Prompt:
Print the entries in full, word for word, but not the pictures.

Data under study:

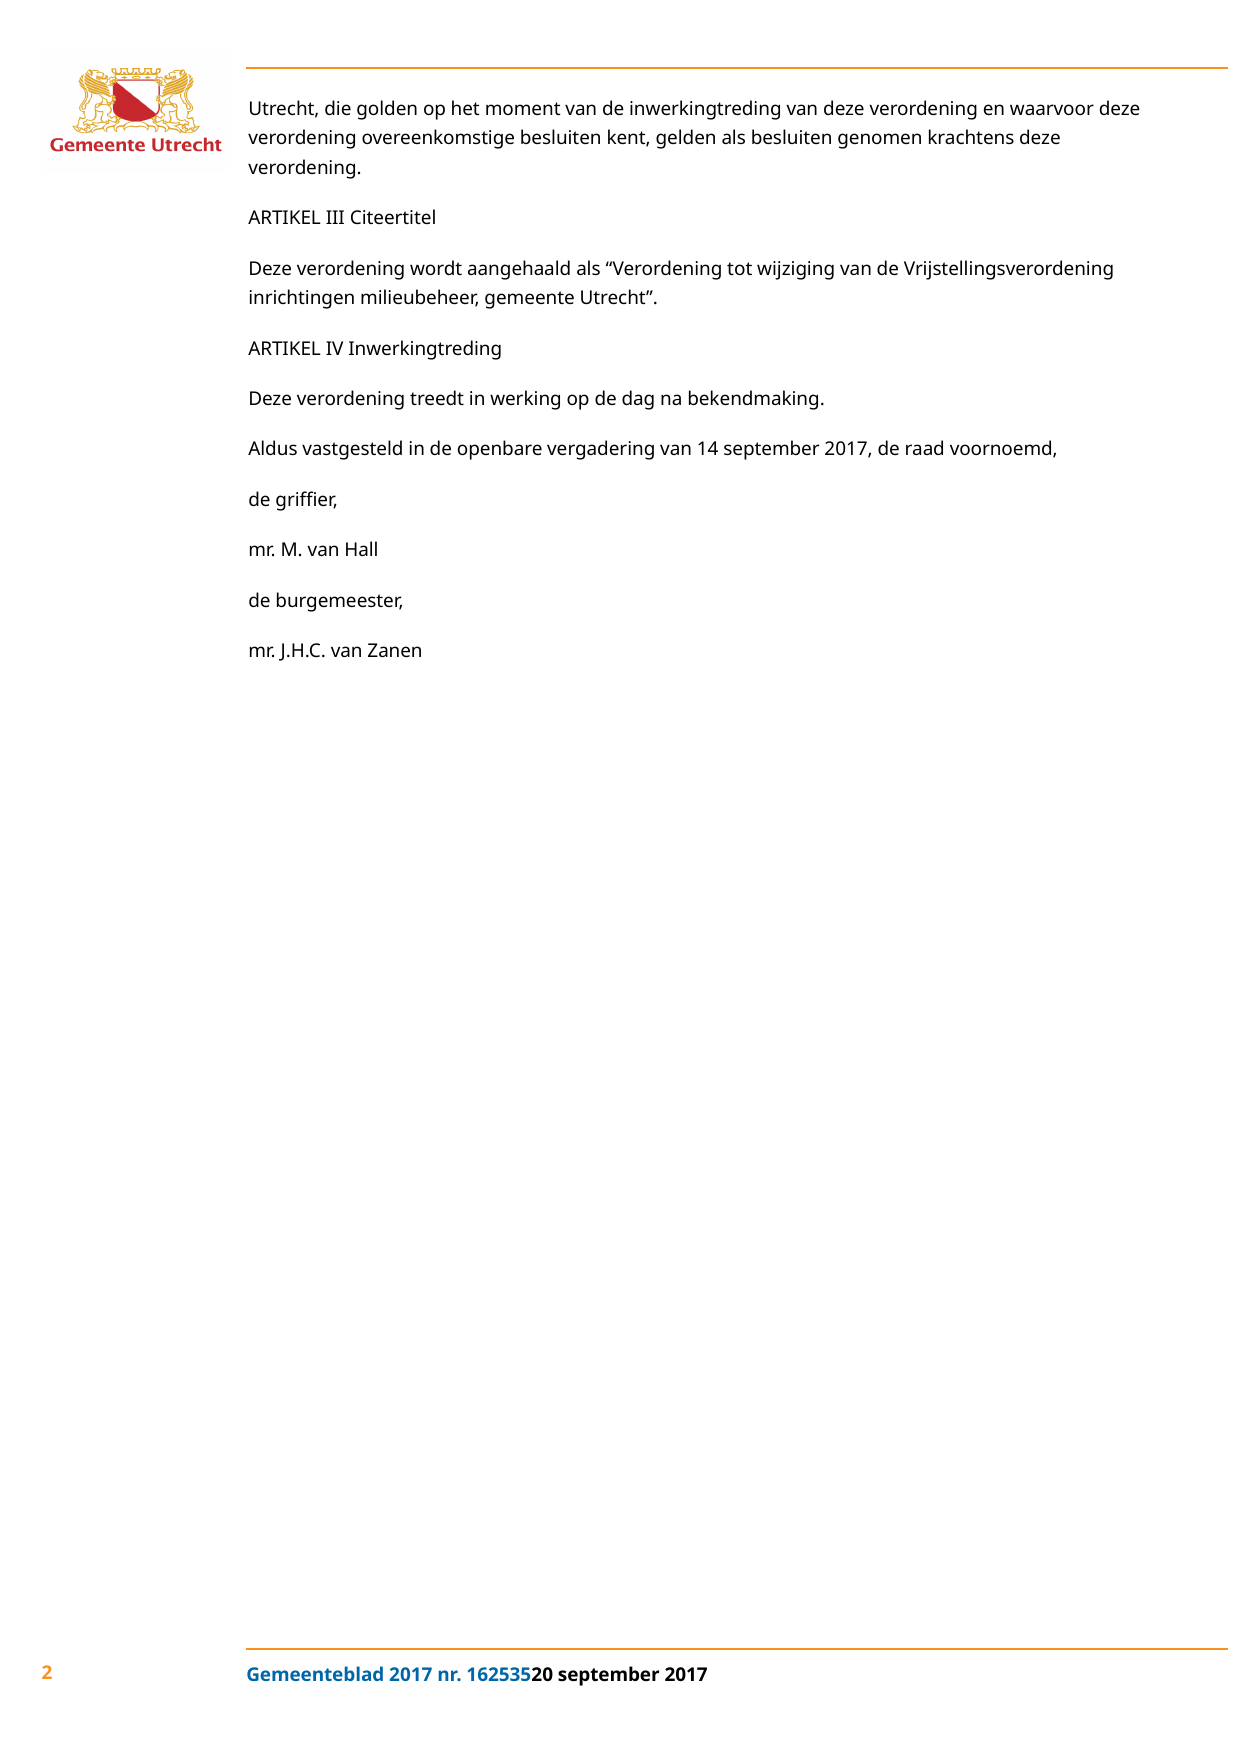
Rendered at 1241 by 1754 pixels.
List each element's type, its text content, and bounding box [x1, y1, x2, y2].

text Deze verordening treedt in werking op de dag na bekendmaking. [248, 385, 1152, 411]
text Aldus vastgesteld in de openbare vergadering van 14 september 2017, de raad voornoemd, [248, 436, 1152, 461]
text de burgemeester, [248, 587, 1152, 613]
text de griffier, [248, 486, 1152, 512]
text Deze verordening wordt aangehaald als “Verordening tot wijziging van de Vrijstellingsverordening inrichtingen milieubeheer, gemeente Utrecht”. [248, 255, 1152, 310]
text ARTIKEL IV Inwerkingtreding [248, 335, 1152, 361]
picture [41, 47, 231, 172]
text ARTIKEL III Citeertitel [248, 204, 1152, 230]
text Utrecht, die golden op het moment van de inwerkingtreding van deze verordening en waarvoor deze verordening overeenkomstige besluiten kent, gelden als besluiten genomen krachtens deze verordening. [248, 95, 1152, 180]
text mr. J.H.C. van Zanen [248, 637, 1152, 663]
text mr. M. van Hall [248, 536, 1152, 562]
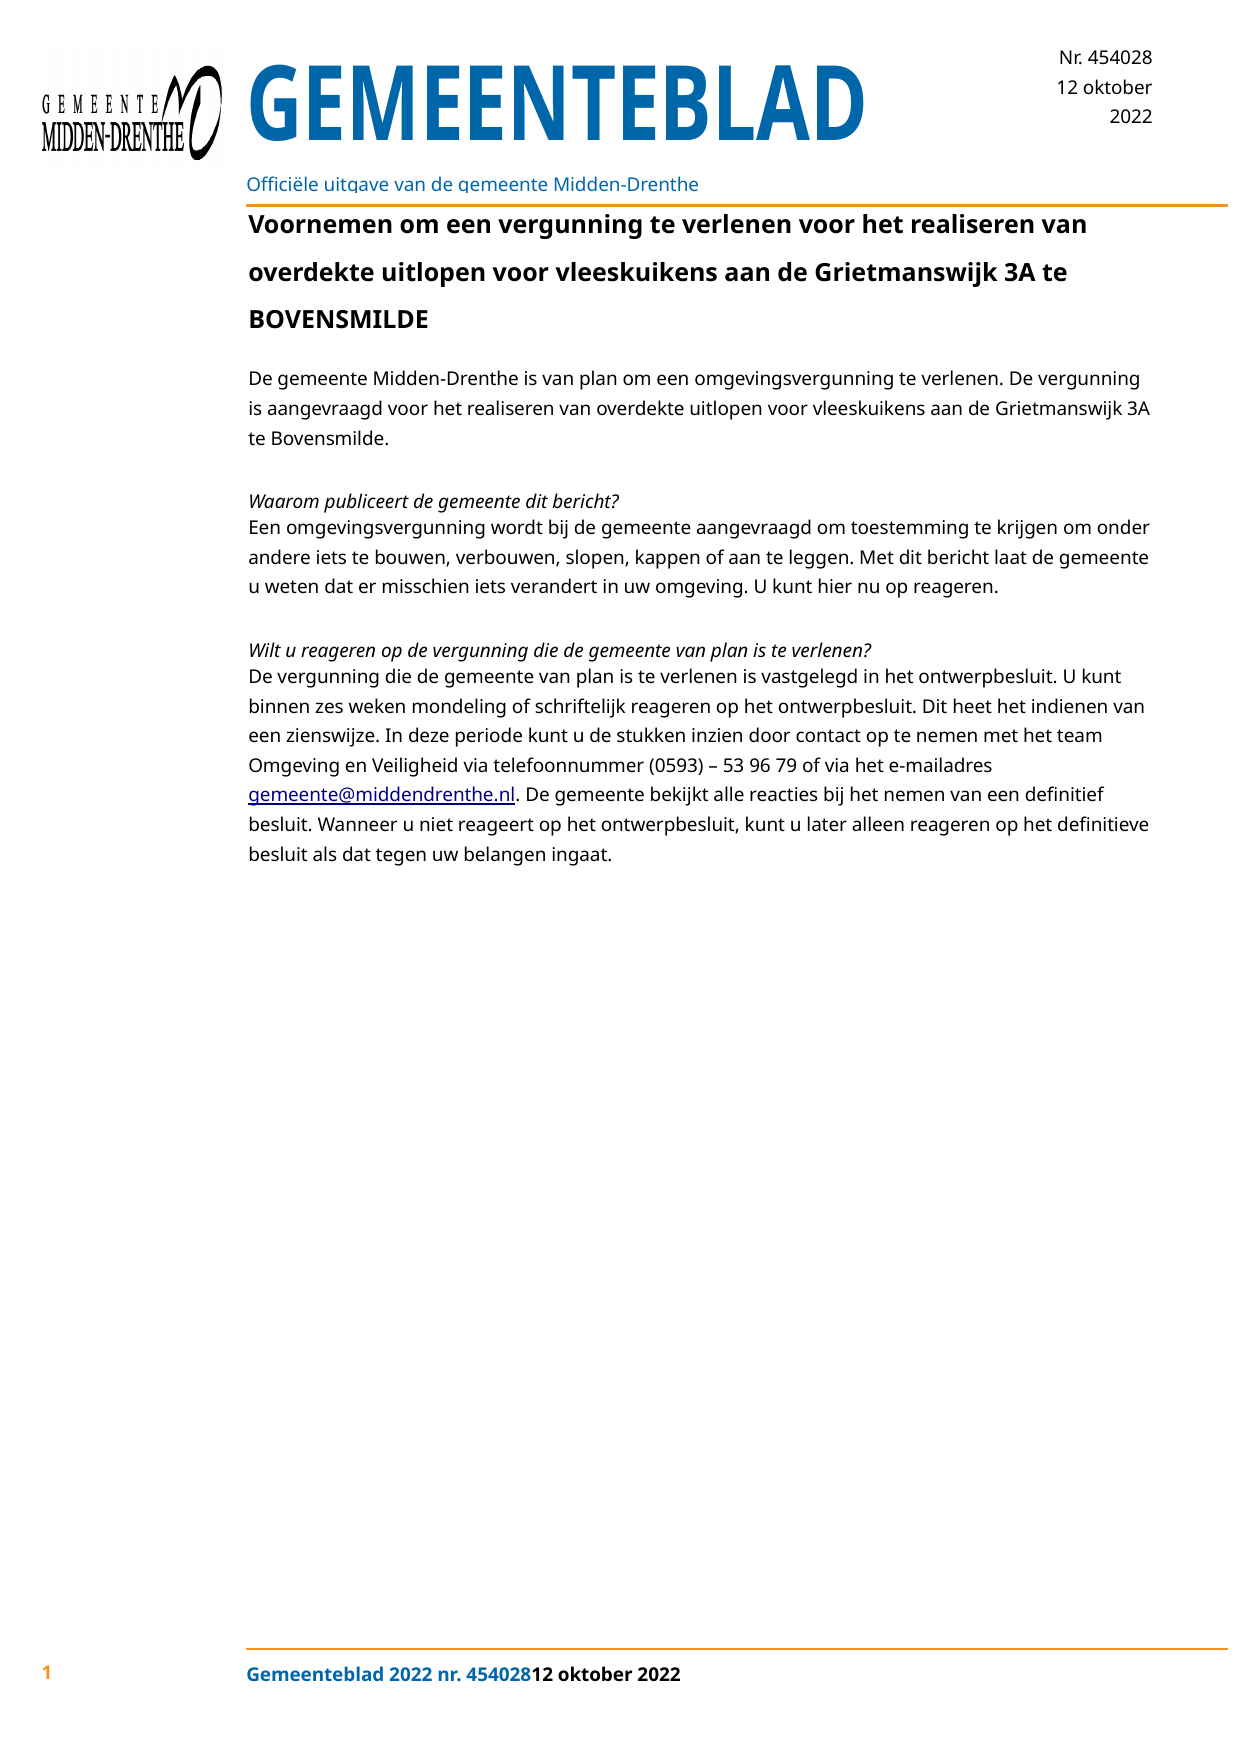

Solved problem:
Rendered at 1241 by 1754 pixels.
List each element's type, its text content, and bounding box [x1, y1, x2, y2].

text Deze verordening treedt in werking op de dag na bekendmaking. [248, 385, 1152, 411]
text Aldus vastgesteld in de openbare vergadering van 14 september 2017, de raad voornoemd, [248, 436, 1152, 461]
text de burgemeester, [248, 587, 1152, 613]
text de griffier, [248, 486, 1152, 512]
text Deze verordening wordt aangehaald als “Verordening tot wijziging van de Vrijstellingsverordening inrichtingen milieubeheer, gemeente Utrecht”. [248, 255, 1152, 310]
text ARTIKEL IV Inwerkingtreding [248, 335, 1152, 361]
picture [41, 47, 231, 172]
text ARTIKEL III Citeertitel [248, 204, 1152, 230]
text Utrecht, die golden op het moment van de inwerkingtreding van deze verordening en waarvoor deze verordening overeenkomstige besluiten kent, gelden als besluiten genomen krachtens deze verordening. [248, 95, 1152, 180]
text mr. J.H.C. van Zanen [248, 637, 1152, 663]
text mr. M. van Hall [248, 536, 1152, 562]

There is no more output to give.